▶ Exercise requirements:
In your copy, include every entry exactly as written but no pictures.
[[ Dataset content, beginning ]]
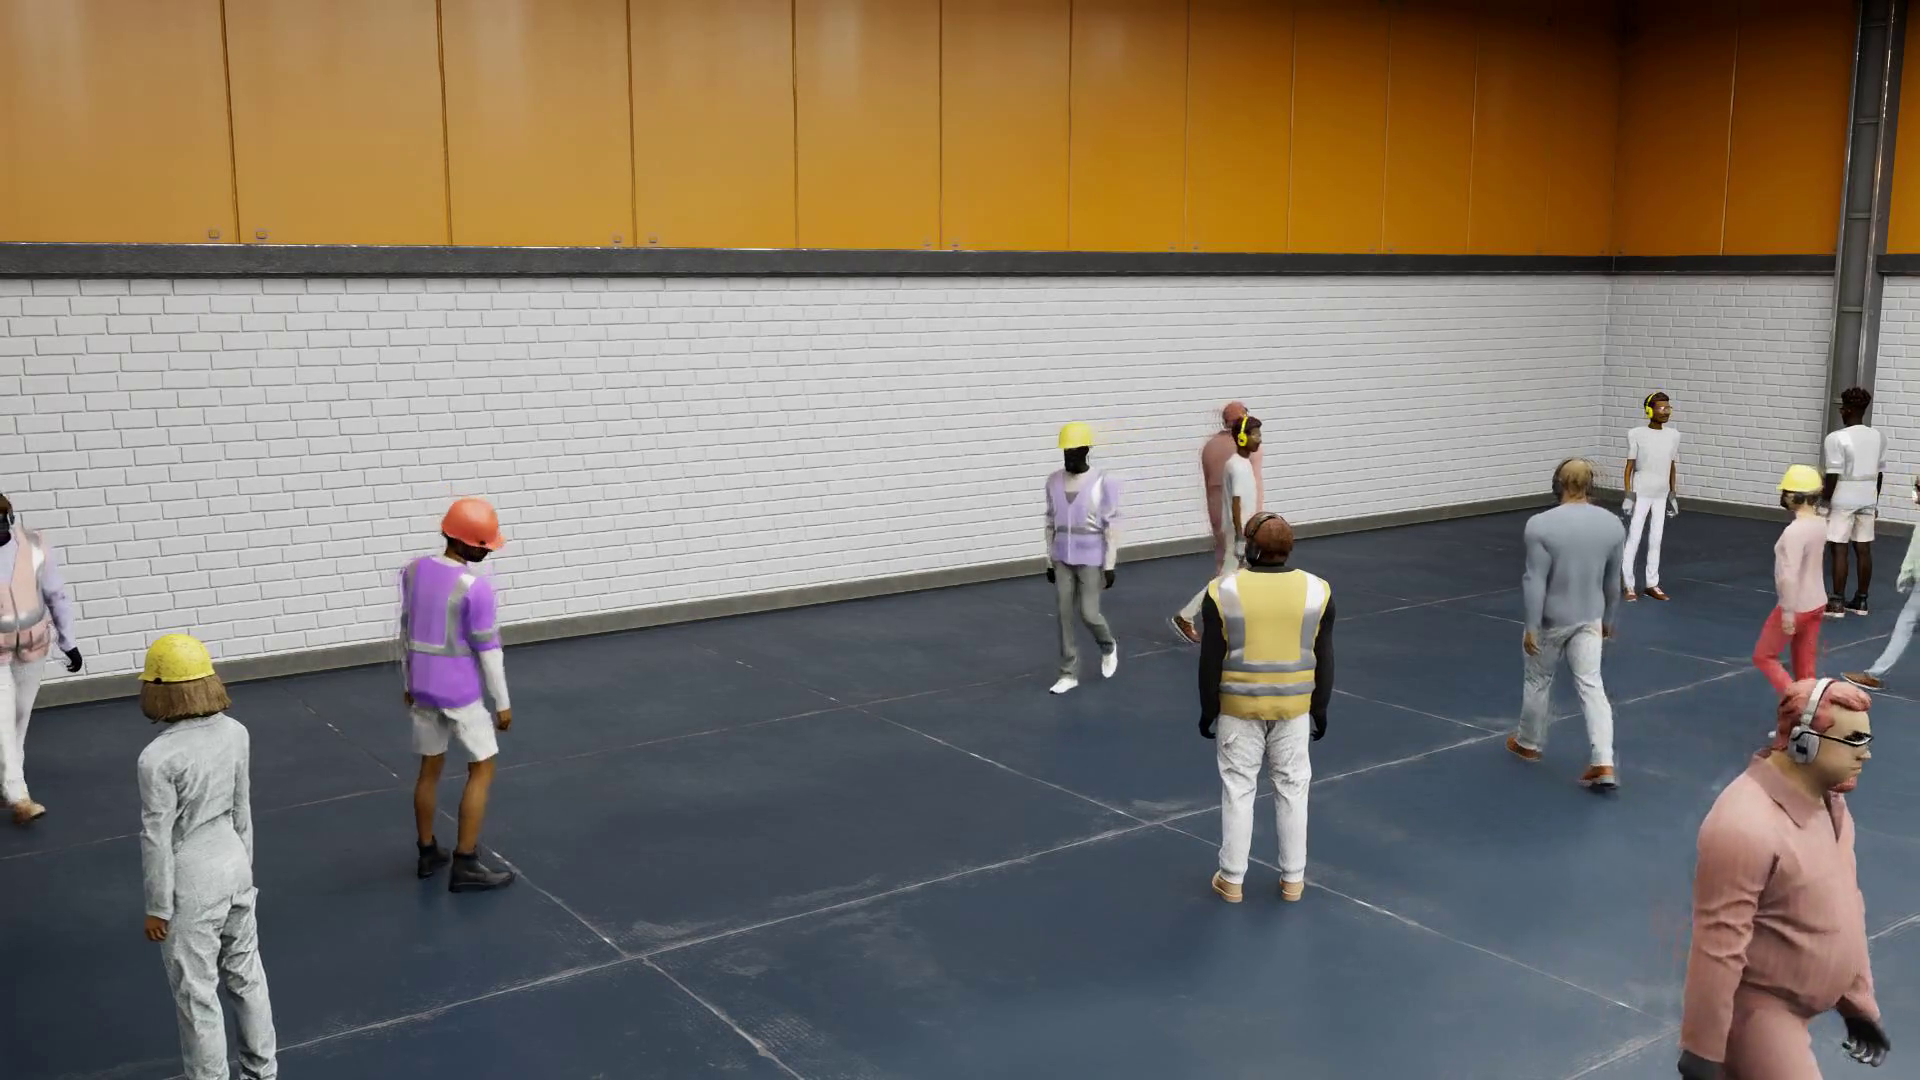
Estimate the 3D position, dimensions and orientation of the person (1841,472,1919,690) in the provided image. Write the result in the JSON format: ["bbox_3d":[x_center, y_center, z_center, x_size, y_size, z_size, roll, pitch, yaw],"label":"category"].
[{"bbox_3d":[6.687,0.291,11.574,0.869,1.580,0.524,3,10,20],"label":"person"}]

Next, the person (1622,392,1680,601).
[{"bbox_3d":[6.177,-0.385,14.870,0.509,1.877,0.328,-1,9,-7],"label":"person"}]

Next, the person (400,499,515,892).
[{"bbox_3d":[-2.422,0.735,7.952,0.656,1.886,0.370,5,11,29],"label":"person"}]

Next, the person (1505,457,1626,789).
[{"bbox_3d":[3.542,0.461,9.621,0.649,1.894,1.025,-1,9,-9],"label":"person"}]

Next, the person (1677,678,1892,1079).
[{"bbox_3d":[2.264,1.293,4.487,0.664,1.880,0.644,7,12,39],"label":"person"}]

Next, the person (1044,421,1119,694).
[{"bbox_3d":[0.853,0.112,11.674,0.600,1.915,0.568,6,11,34],"label":"person"}]

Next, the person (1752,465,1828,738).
[{"bbox_3d":[5.180,0.410,10.319,0.522,1.757,0.376,-8,12,-39],"label":"person"}]

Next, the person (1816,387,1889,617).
[{"bbox_3d":[7.587,-0.320,14.188,0.608,1.965,0.370,-3,10,-15],"label":"person"}]

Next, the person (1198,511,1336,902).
[{"bbox_3d":[1.419,0.781,7.773,0.633,1.845,0.429,0,9,-1],"label":"person"}]

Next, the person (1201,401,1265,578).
[{"bbox_3d":[2.272,-0.189,13.624,0.421,1.884,0.676,-6,11,-34],"label":"person"}]

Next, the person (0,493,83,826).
[{"bbox_3d":[-5.169,0.609,9.026,0.955,1.793,0.629,7,12,39],"label":"person"}]

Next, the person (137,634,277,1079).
[{"bbox_3d":[-2.608,1.173,5.696,0.333,1.733,0.480,2,9,13],"label":"person"}]

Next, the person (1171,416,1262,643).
[{"bbox_3d":[2.137,-0.062,13.019,0.918,1.836,0.528,3,10,19],"label":"person"}]
[[ Dataset content, end ]]
▶ Exercise solution:
Estimate the 3D position, dimensions and orientation of the person (1841,472,1919,690) in the provided image. Write the result in the JSON format: ["bbox_3d":[x_center, y_center, z_center, x_size, y_size, z_size, roll, pitch, yaw],"label":"category"].
[{"bbox_3d":[6.687,0.291,11.574,0.869,1.580,0.524,3,10,20],"label":"person"}]

Next, the person (1622,392,1680,601).
[{"bbox_3d":[6.177,-0.385,14.870,0.509,1.877,0.328,-1,9,-7],"label":"person"}]

Next, the person (400,499,515,892).
[{"bbox_3d":[-2.422,0.735,7.952,0.656,1.886,0.370,5,11,29],"label":"person"}]

Next, the person (1505,457,1626,789).
[{"bbox_3d":[3.542,0.461,9.621,0.649,1.894,1.025,-1,9,-9],"label":"person"}]

Next, the person (1677,678,1892,1079).
[{"bbox_3d":[2.264,1.293,4.487,0.664,1.880,0.644,7,12,39],"label":"person"}]

Next, the person (1044,421,1119,694).
[{"bbox_3d":[0.853,0.112,11.674,0.600,1.915,0.568,6,11,34],"label":"person"}]

Next, the person (1752,465,1828,738).
[{"bbox_3d":[5.180,0.410,10.319,0.522,1.757,0.376,-8,12,-39],"label":"person"}]

Next, the person (1816,387,1889,617).
[{"bbox_3d":[7.587,-0.320,14.188,0.608,1.965,0.370,-3,10,-15],"label":"person"}]

Next, the person (1198,511,1336,902).
[{"bbox_3d":[1.419,0.781,7.773,0.633,1.845,0.429,0,9,-1],"label":"person"}]

Next, the person (1201,401,1265,578).
[{"bbox_3d":[2.272,-0.189,13.624,0.421,1.884,0.676,-6,11,-34],"label":"person"}]

Next, the person (0,493,83,826).
[{"bbox_3d":[-5.169,0.609,9.026,0.955,1.793,0.629,7,12,39],"label":"person"}]

Next, the person (137,634,277,1079).
[{"bbox_3d":[-2.608,1.173,5.696,0.333,1.733,0.480,2,9,13],"label":"person"}]

Next, the person (1171,416,1262,643).
[{"bbox_3d":[2.137,-0.062,13.019,0.918,1.836,0.528,3,10,19],"label":"person"}]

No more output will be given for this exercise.